Monday, September 28, 2009

watching the mist [2007] in black&white

the tone of a film is established by its photography. how it looks, how the characters behave within the confines of the frame determines a movie's feeling. thus we react strongly if the colors are too bold, or if the colors bleed, or if the film is grainy, or if it looks too shiny and therefore fake as it looks to be made of plastic.

monster movies are made for black&white photography, that much is clear. black&white sharpens the contrast between the silliness of the monster -- after all, monster movies are nothing if not exercises in goofy logic since monsters are by their very creation impossible to believe that they really exist -- and the terror felt in the viewer.

stephen king's stories, some very well-done, others are just camp, are just begging for black&white photography. problem is that audiences today, especially younger audiences, run from even the hint of black&white photography. making a monster movie in black&white is a sure way to kill off any potential interest in the finished product.

so what's a filmmaker to do? frank darabont who helmed this stephen king story released his movie in color, but for the dvd release added as an extra a digitized version in black&white. the result is a vast improvement on one seriously goofy b-movie.

the difficulty i have with stephen king, in his written works and his films, is that king does not know how to carry out the narrative to a satisfying conclusion. i remember reading the novel IT when i was 18. a thick doorstop of a book that literally carried me away by the writer's magical storytelling. yet, the ending was such a let-down, a real bummer, so anticlimactic, i felt very cheated. the same goes for his movies. at least the movies that are faithful adaptions to king's novels.

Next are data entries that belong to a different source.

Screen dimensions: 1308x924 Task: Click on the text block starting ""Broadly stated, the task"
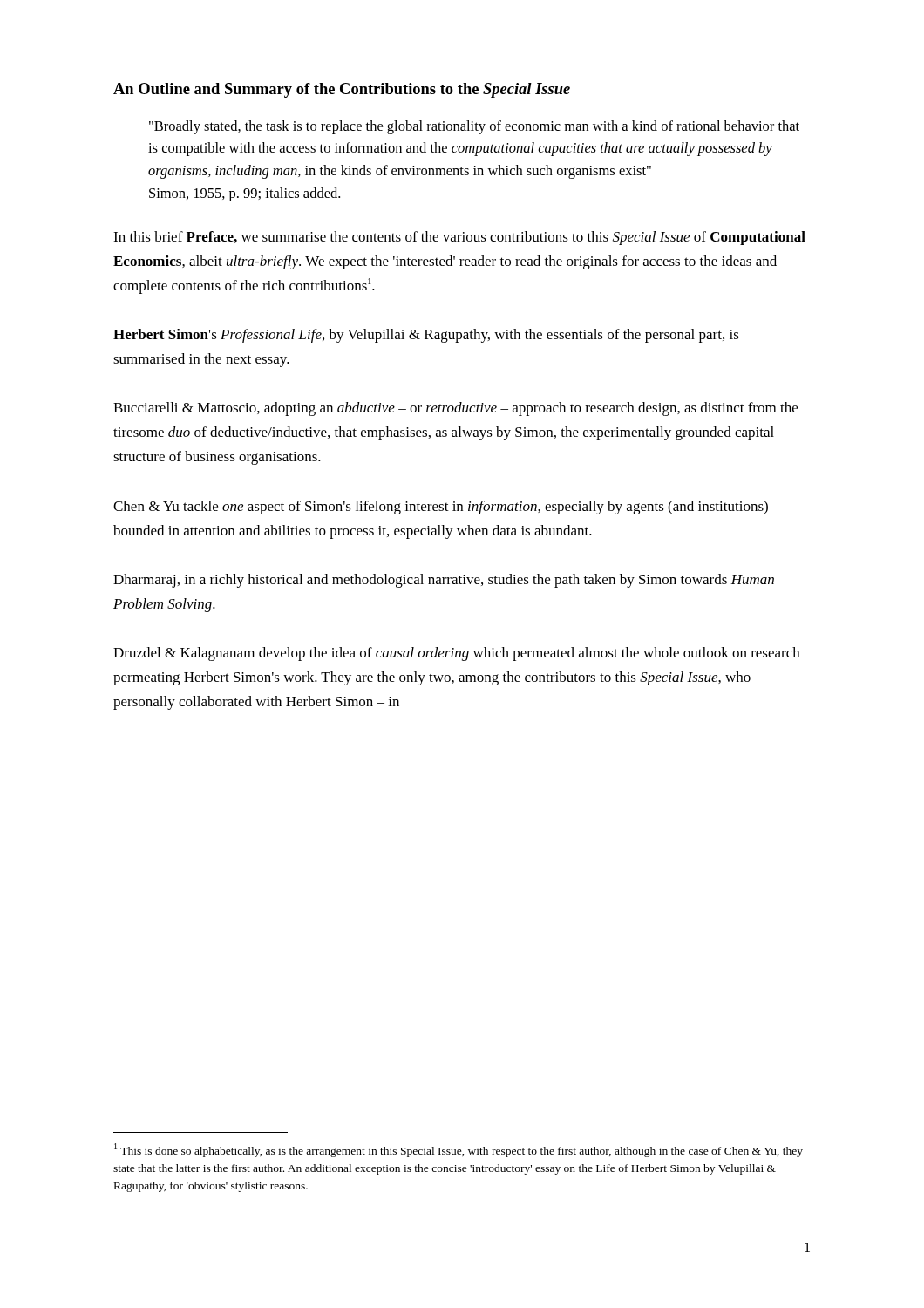[x=474, y=159]
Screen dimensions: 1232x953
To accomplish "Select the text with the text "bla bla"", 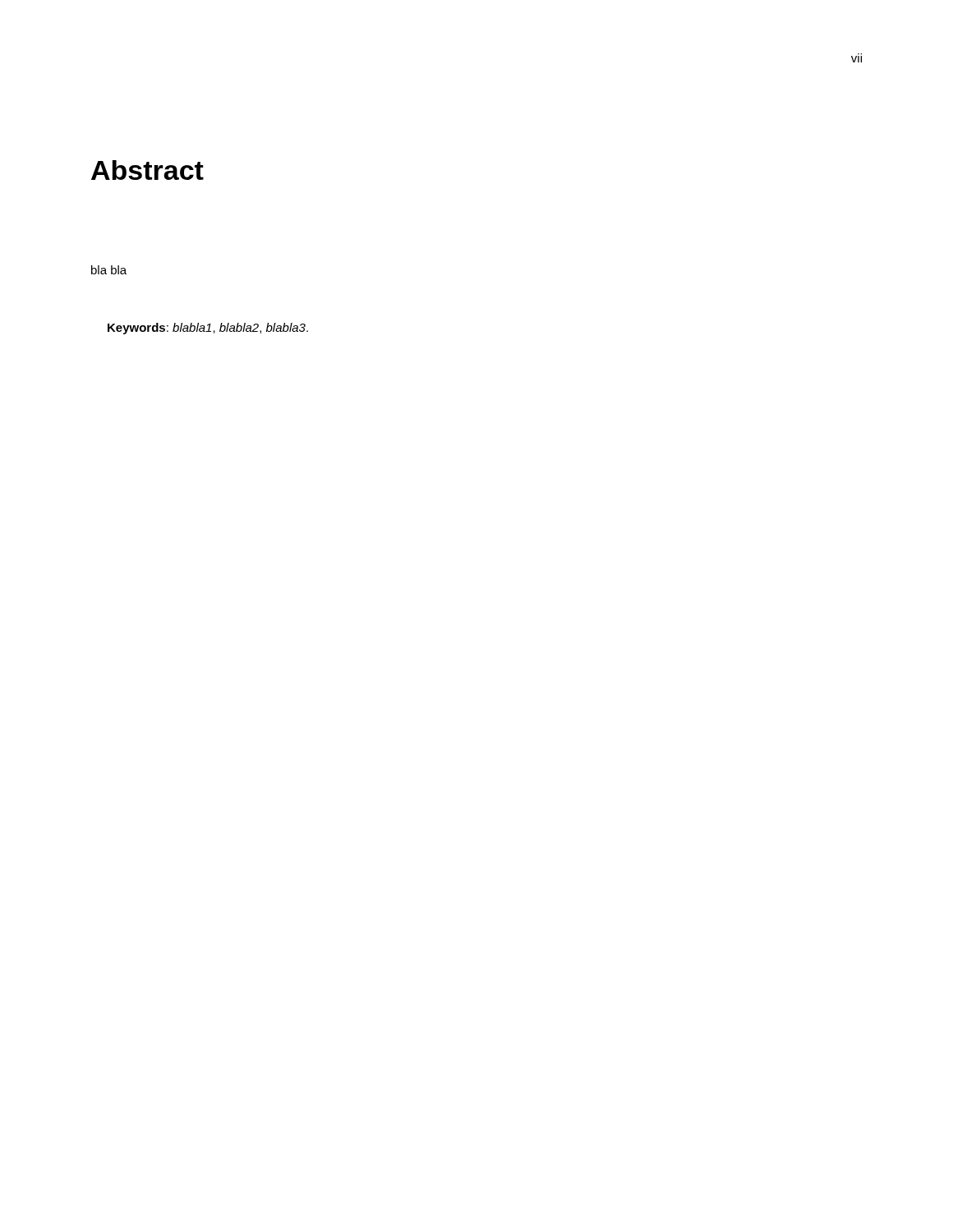I will point(108,270).
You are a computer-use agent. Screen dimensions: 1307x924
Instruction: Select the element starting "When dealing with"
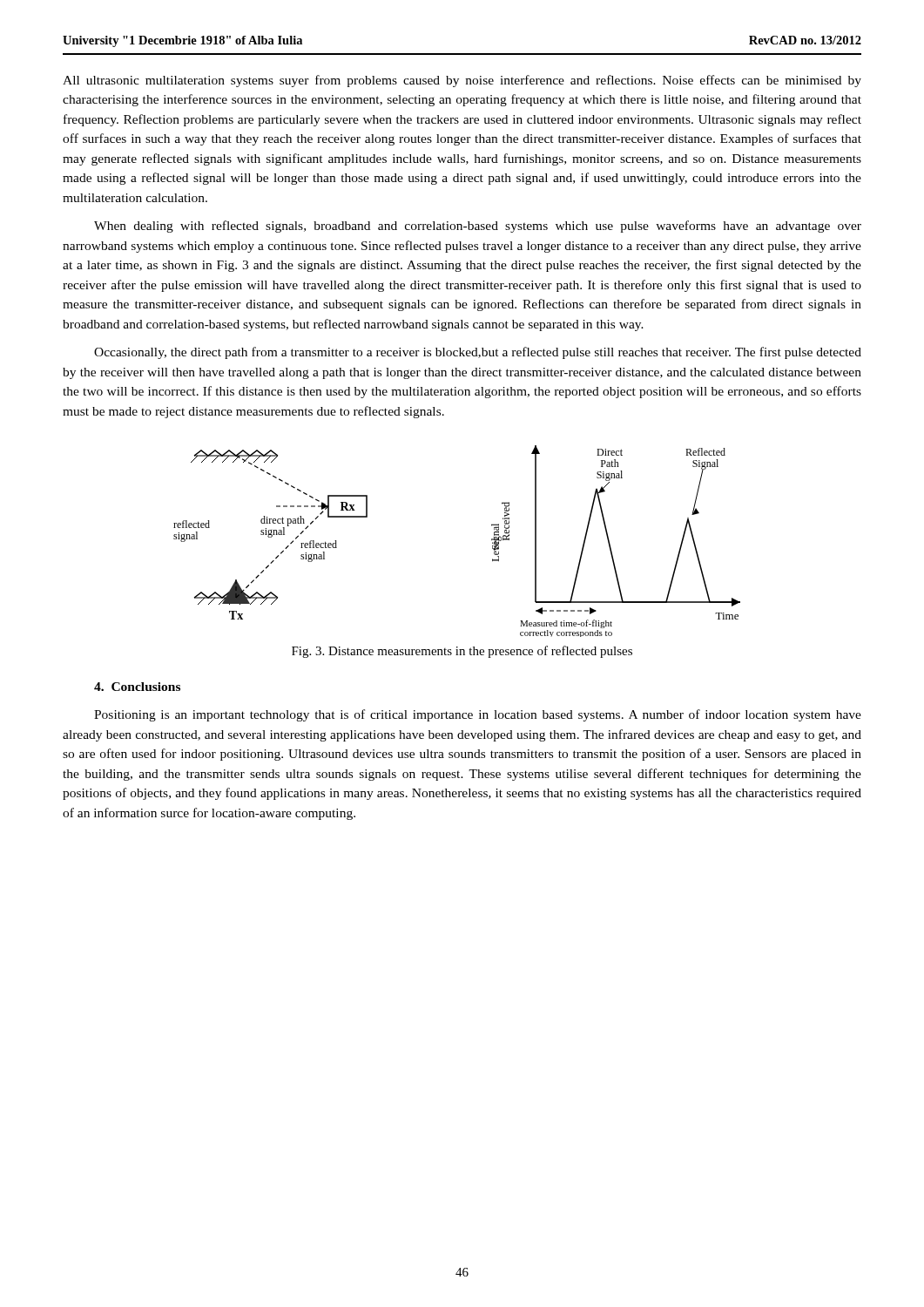462,275
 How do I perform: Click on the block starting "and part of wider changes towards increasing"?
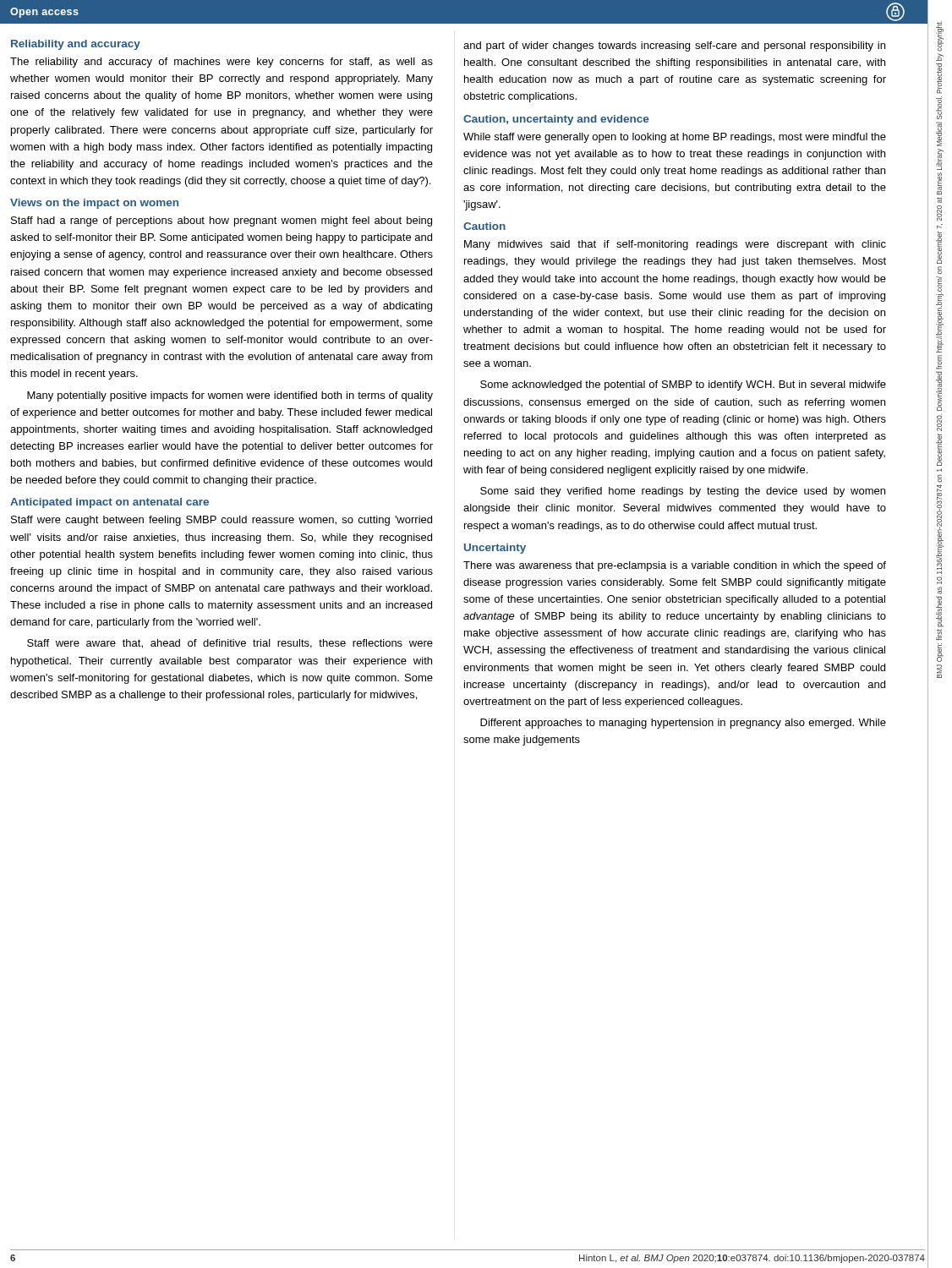click(675, 71)
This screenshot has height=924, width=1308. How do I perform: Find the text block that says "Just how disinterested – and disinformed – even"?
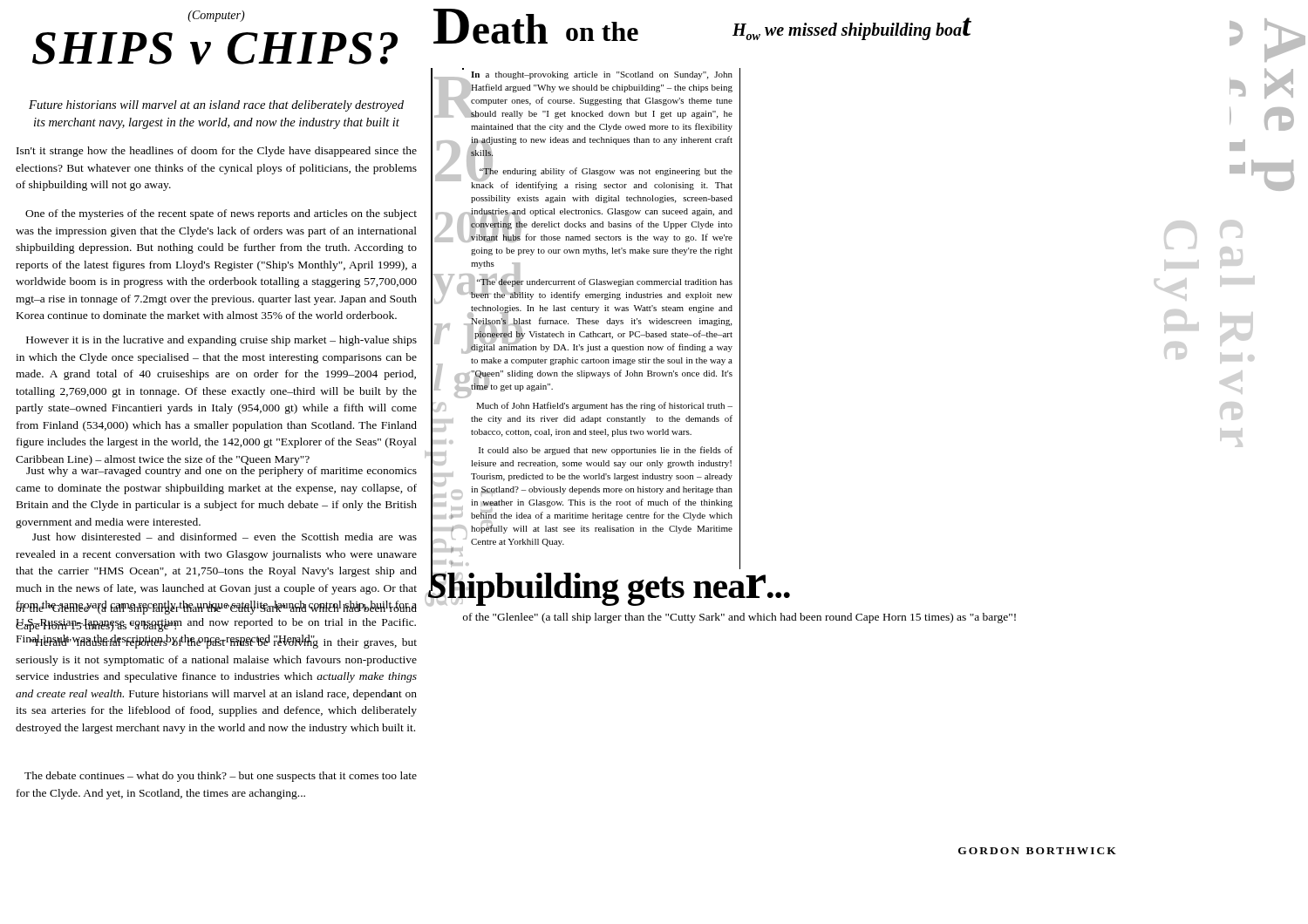[216, 588]
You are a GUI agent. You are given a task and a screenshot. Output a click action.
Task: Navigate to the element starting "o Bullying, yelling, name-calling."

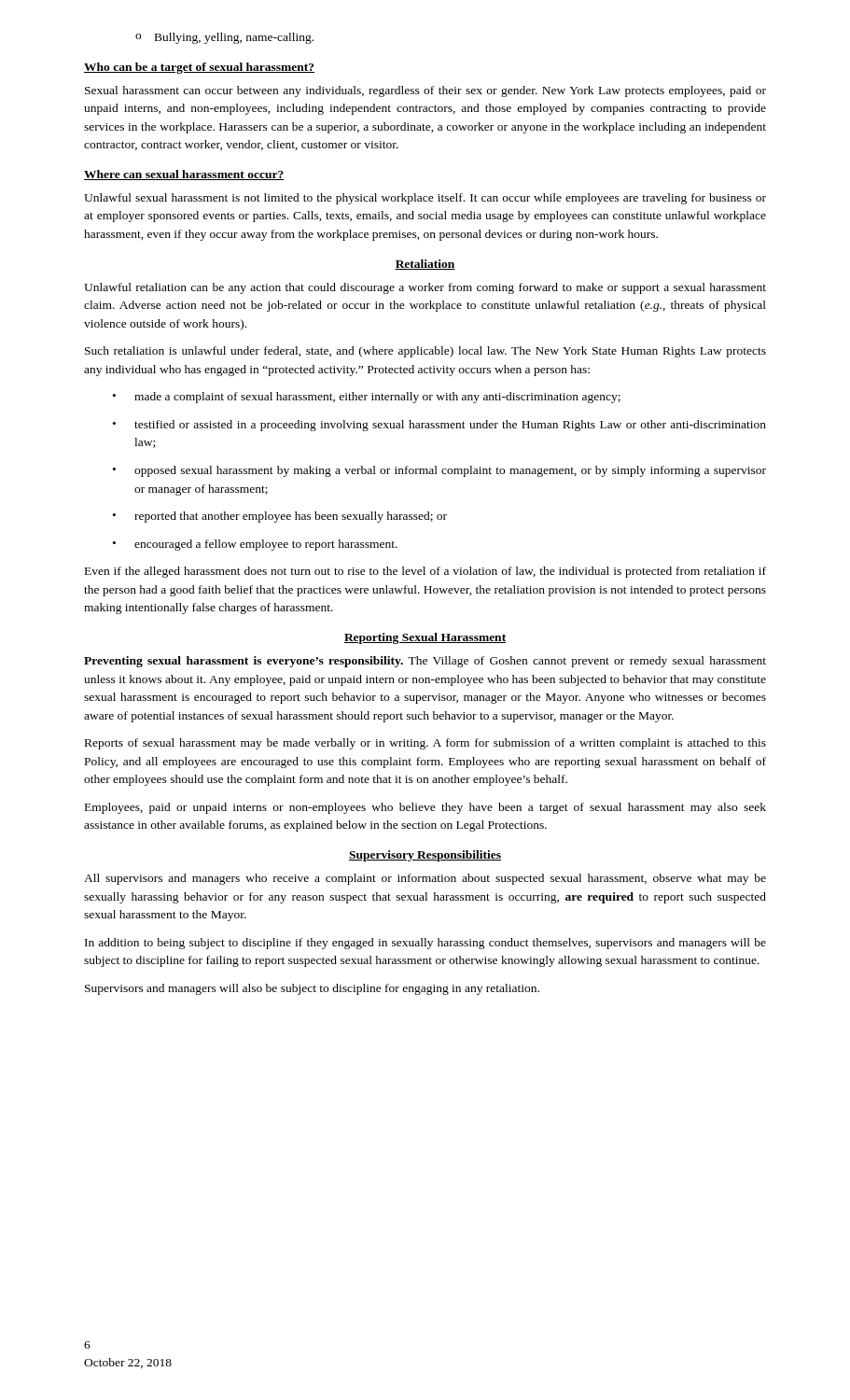(x=225, y=37)
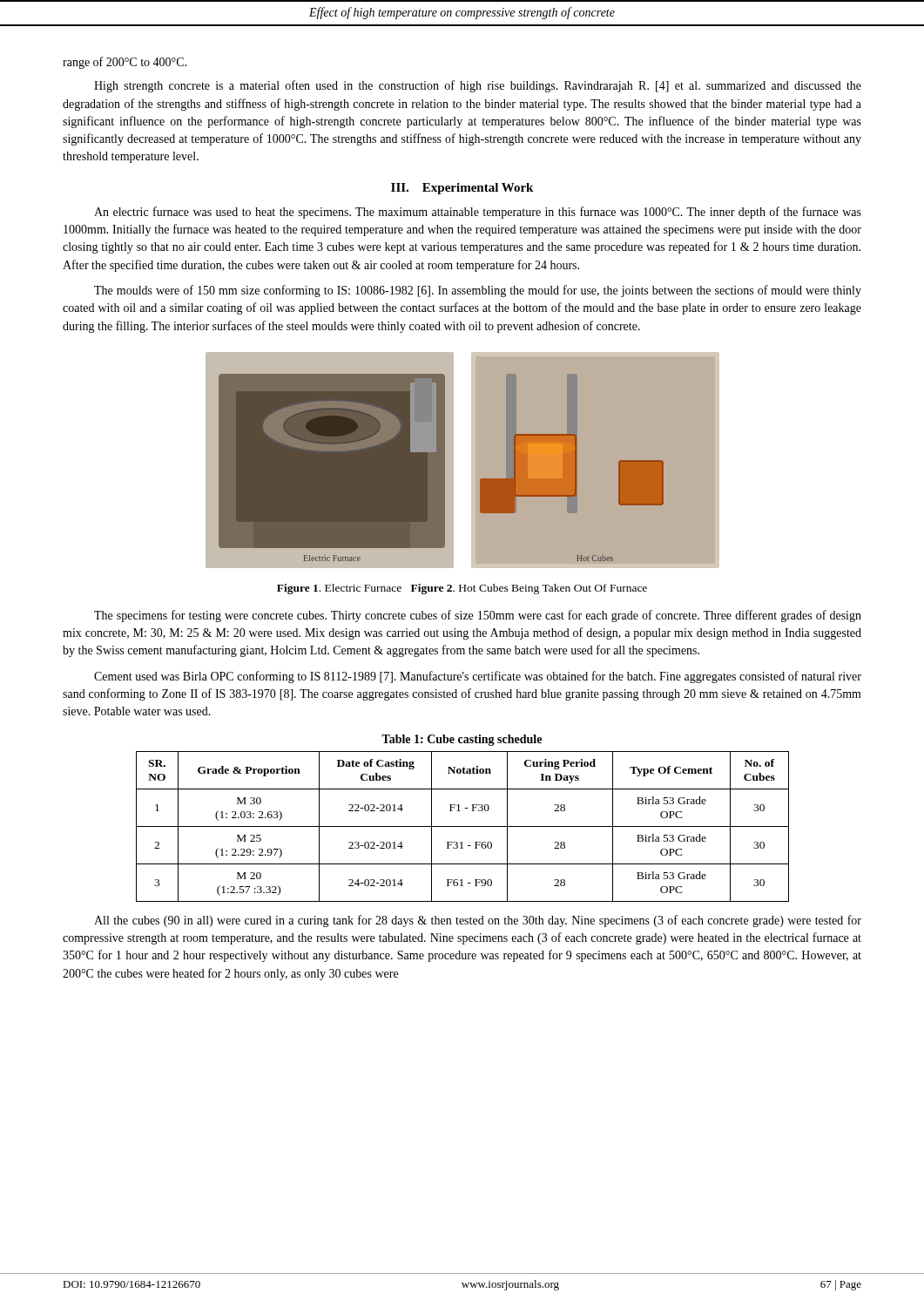Image resolution: width=924 pixels, height=1307 pixels.
Task: Locate the text block starting "High strength concrete is a"
Action: [462, 121]
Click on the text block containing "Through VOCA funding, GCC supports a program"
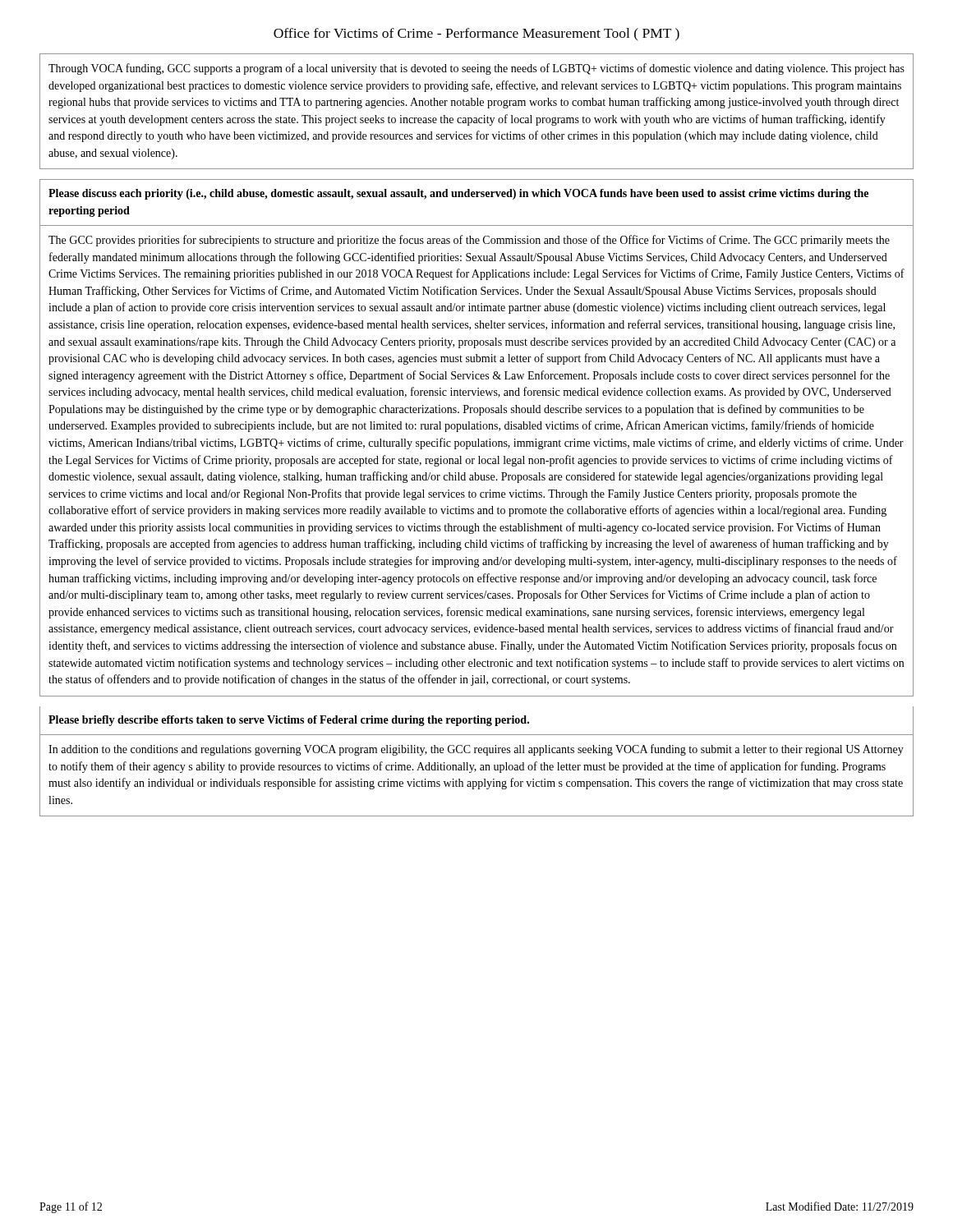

the mist is no exception. the first third of this movie is first-rate, rattle-you-up, b-movie fare. the middle is flabby as a middle-aged man's beer belly, and the ending, shock ending as it is and the only time darabont deviates from king's source material, was pretty okay, but still felt like a cop-out.

in black&white these flaws are leavened by the tone created by its stark photography. it harkens back to the classic monster movies of yore while creating a real sense of dread. darabont is no hack and i think with his movie in black&white he managed the genuine thrill of watching a b-movie.

at any rate, i have a love-hate thing going with this movie. i've seen it twice in color but i've seen it twice as many times in black&white. it works better without color. the mist is shimmering and ominous and the very silly monsters appear like vicious apparitions rather than the combinations of puppets and cgi.

not bad. not great. a decent waste of time.